Huth's Oriental porcelain was described by Sir Augustus Wollaston Franks as a brilliant series along side fellow contemporary collector Alfred Morrison.

It can also justifiably be claimed for Huth that he was a major influence on the activities of one of the greatest collectors and connoisseurs of the late Victorian era and the Edwardian years, George Salting (1835–1909), also a member of the Burlington Fine Arts Club, and described after his death by The Times as 'the greatest English art collector of his age, perhaps of any age'. Salting, who was born in Australia of Danish parents, is famous for having left to the British nation his great collection of art, much of which had already been placed on long-term loan to the South Kensington Museum (now the Victoria and Albert Museum) and the National Gallery, and which bequest ultimately meant that 'Over 2,500 objects went to the Victoria and Albert Museum (V&A), 153 prints and 291 drawings were selected for the British Museum, and 192 paintings [many of them by Dutch old masters and Italian Renaissance masters] were chosen for the National Gallery. The range, as well as the quantity and quality of the works, remains astonishing. They include such iconic masterpieces as Nicholas Hilliard's miniature of the Young Man among the Roses at the V&A, and Vermeer's Young Woman Seated at a Virginal in the National Gallery. They extend from Turner watercolours to Byzantine ivories, and encompass among other things, oriental porcelain, Italian Renaissance ceramics, Japanese netsuke, Limoges enamels, jewellery, ironwork, textiles, bronzes, furniture, illuminated manuscripts, etchings, engravings, drawings and paintings by old and modern masters.'

In an article in The Connoisseur in 1910 the year after Salting's death, W. Roberts commented:'Mr Salting, as is well-known, was a disciple of the late Mr. Louis Huth in the matter of art collecting, and he could have had no more competent a mentor. Mr Huth had for the most part formed his splendid collection – dispersed within recent years – before the pupil had seriously entered the pursuit of objects of art.' Another commentator has noted that following his father’s death and the receipt of his inheritance, Salting embarked on his ‘career’ as an art collector ‘with single-minded determination’ and ‘encouraged in his pursuits by the advice offered by his friend Louis Huth’.
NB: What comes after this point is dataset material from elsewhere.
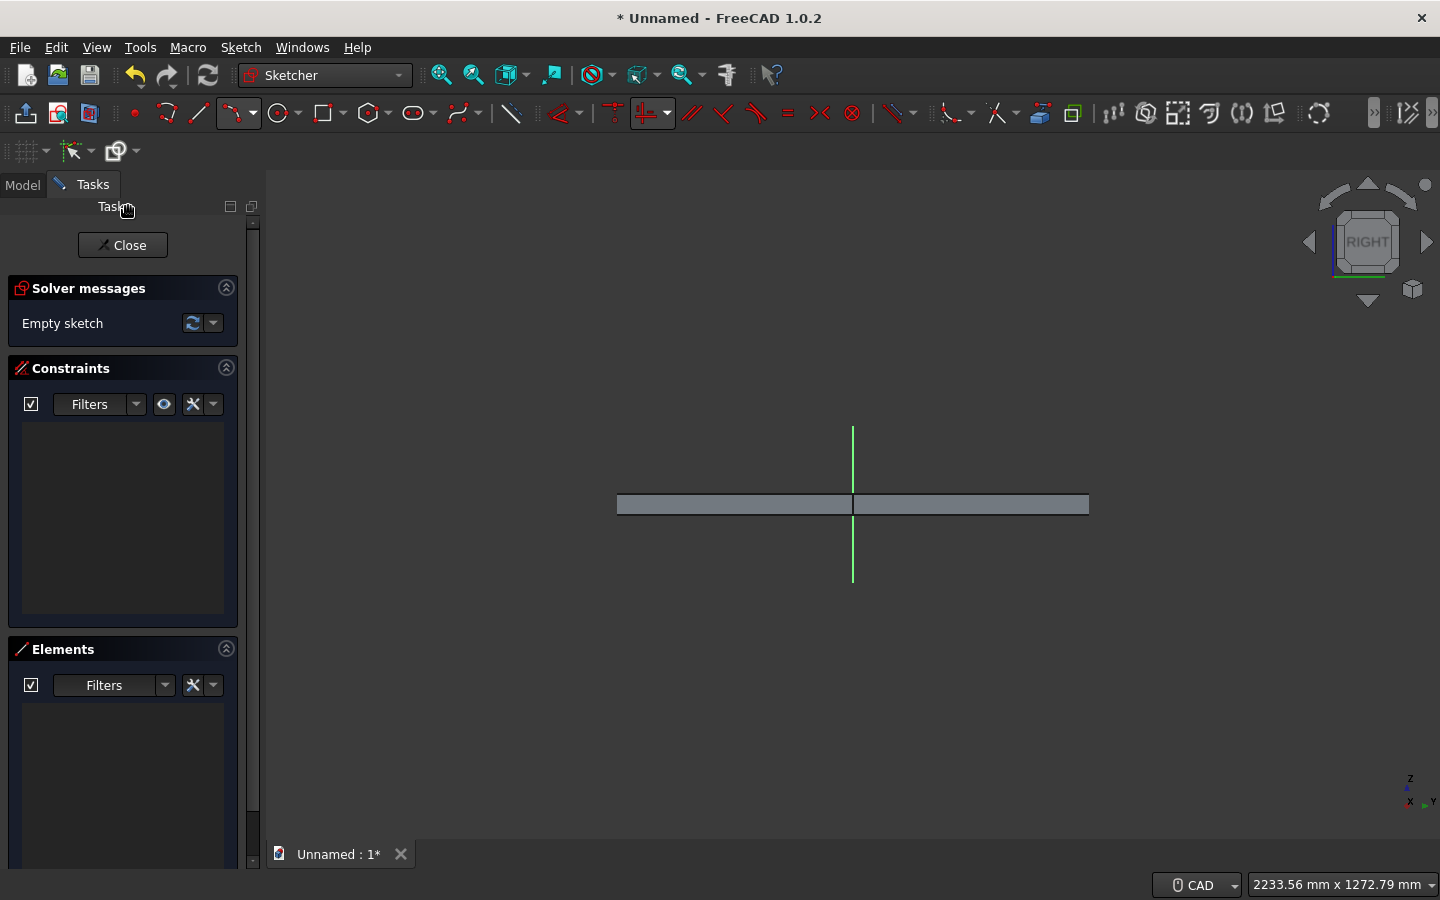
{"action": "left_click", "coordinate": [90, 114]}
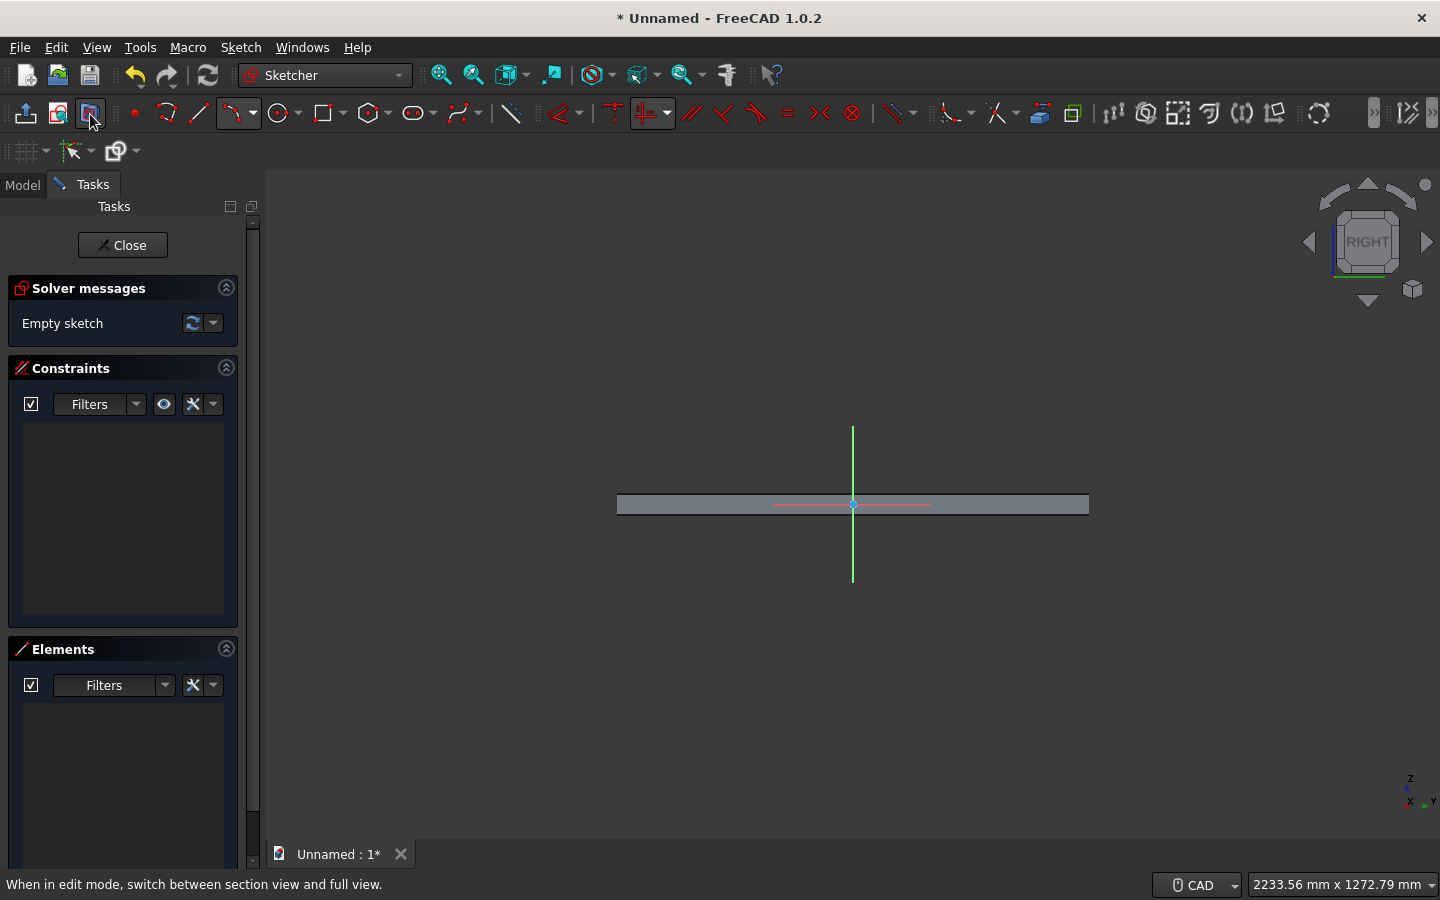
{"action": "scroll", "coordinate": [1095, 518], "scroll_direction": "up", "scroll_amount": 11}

Patricia Rubin has recorded that Salting’s ‘generous intentions were known to his friends and…influenced his collecting’, and that 'Of ‘eclectic mind and sensitive eye’, Salting was ‘cosmopolitan’ in his acquisitions from the outset. Inspired and guided by his friend Louis Huth, he was soon buying oriental ceramics of great quality and in great quantity.’ In Salting’s collecting of ceramics, the influence of Huth – by whom ‘he had been introduced to the beauty of the art form’ – was pivotal, as is recorded by several writers. By his will, dated 14 October 1889, Salting also gave various pecuniary legacies, including £2,000 to Huth ‘who’, as Rubin has stated, ‘is credited with guiding salting’s early collecting’. Huth’s death in 1905 would have caused the legacy to lapse, but Salting obviously took no steps then or in the remaining four years of his own life to re-write the will or to add a codicil to it.

Huth’s collection of antique porcelain was first rate. By any parameters his collection of British paintings, let alone those of other schools, was of high quality, and Huth’s patronage of contemporary British or British-based artists, amongst them Watts and Whistler, was considerable. It is unclear how many of these paintings, particularly of the eighteenth and early nineteenth centuries, had already been acquired by Huth before his marriage in 1855, but it is clear that the development of the collection from the mid-1850s extended to the commissioning also of one of the leading sculptors of the day, Alexander Munro.